Test the sequence of functions for uniform convergence

$$f_n(x)=\frac{nx}{1+n^2x^2}$$

$a) \text{on} \ [0,1]$

$b) \text{on} \ [1,{\infty})$

a)

If we differentiate this with respect to x we get the following :

$$(\frac{nx}{1+n^2x^2})'=\frac{n(1-n^2x^2)}{(1+n^2x^2)^2}$$

This is equal to $0$ for $x=^{+}_{-}\frac{1}{n}$

From here we can either check these two values in the original function and take the larger one as the supremum or we can find the second derivative and check whether it's negative. In either case we find that for $x=\frac{1}{n}$ we get the value $f_n(x)=\frac{1}{2}$ and for $x=-\frac{1}{n}$ we get $f_n(x)=-\frac{1}{2}$. Note that $x=-\frac{1}{n}$ doesn't even belong in our interval. Now we can finish the problem.

$$\lim_{n\to \infty}{\frac{nx}{1+n^2x^2}}=0$$

So it is piecewise converging to $f(x)=0$

$$\lim_{n\to \infty}\sup{\left \lvert{f_n(x)-f(x)}\right \rvert}=\lim_{n\to \infty}{\frac{n\frac{1}{n}}{1+n^2 \frac{1}{n^2}}}=\frac{1}{2}$$

So $f_n(x)$ does not convergence uniformly on $[0,1]$ to $f(x)=0$

b)

Now we need to test the on the interval $[1,\infty)$.From the first derivative we notice that if $x\in [1,\infty)$ then the numerator seems to be negative for all $x>1$. So $f_n(x)$ is monotonically decreasing. That means that the supremum will be at the first point of the interval or $x=1$. Taking the limit :

$$\lim_{n\to \infty}{\frac{n}{1+n^2}}=0$$

We can see that the function convergences uniformly on this interval.

Is there something wrong with either of these solutions?

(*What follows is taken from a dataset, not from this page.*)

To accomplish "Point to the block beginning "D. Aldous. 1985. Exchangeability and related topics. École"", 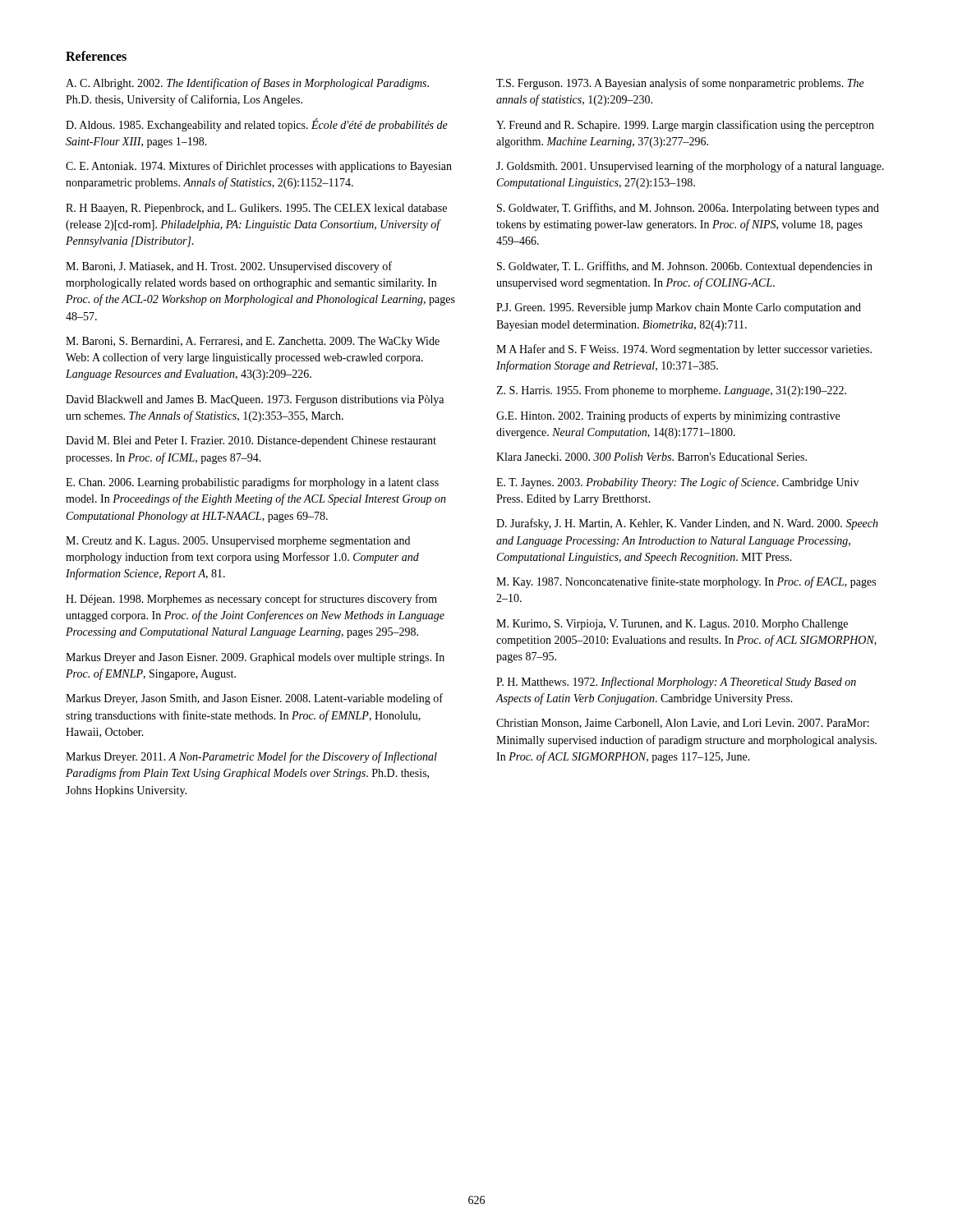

I'm having doubts mostly about the second interval since $x=\frac{1}{n}$ is a supremum but only for $n=1$. However I believe that we need to have the supremum that's satisfied for all $n \in N$. Pointing even the tiniest mistake in my solutions would be very helpful. Thank you.


You sequence does not converge uniformly on $[0,1]$. It converges pointwise to the null function but, since $(\forall n\in\mathbb{N}):f_n\left(\frac1n\right)=\frac12$, the convergence is not uniform.

However, it converges uniformly to the null function on $[1,+\infty)$. Your proof of this fact is correct.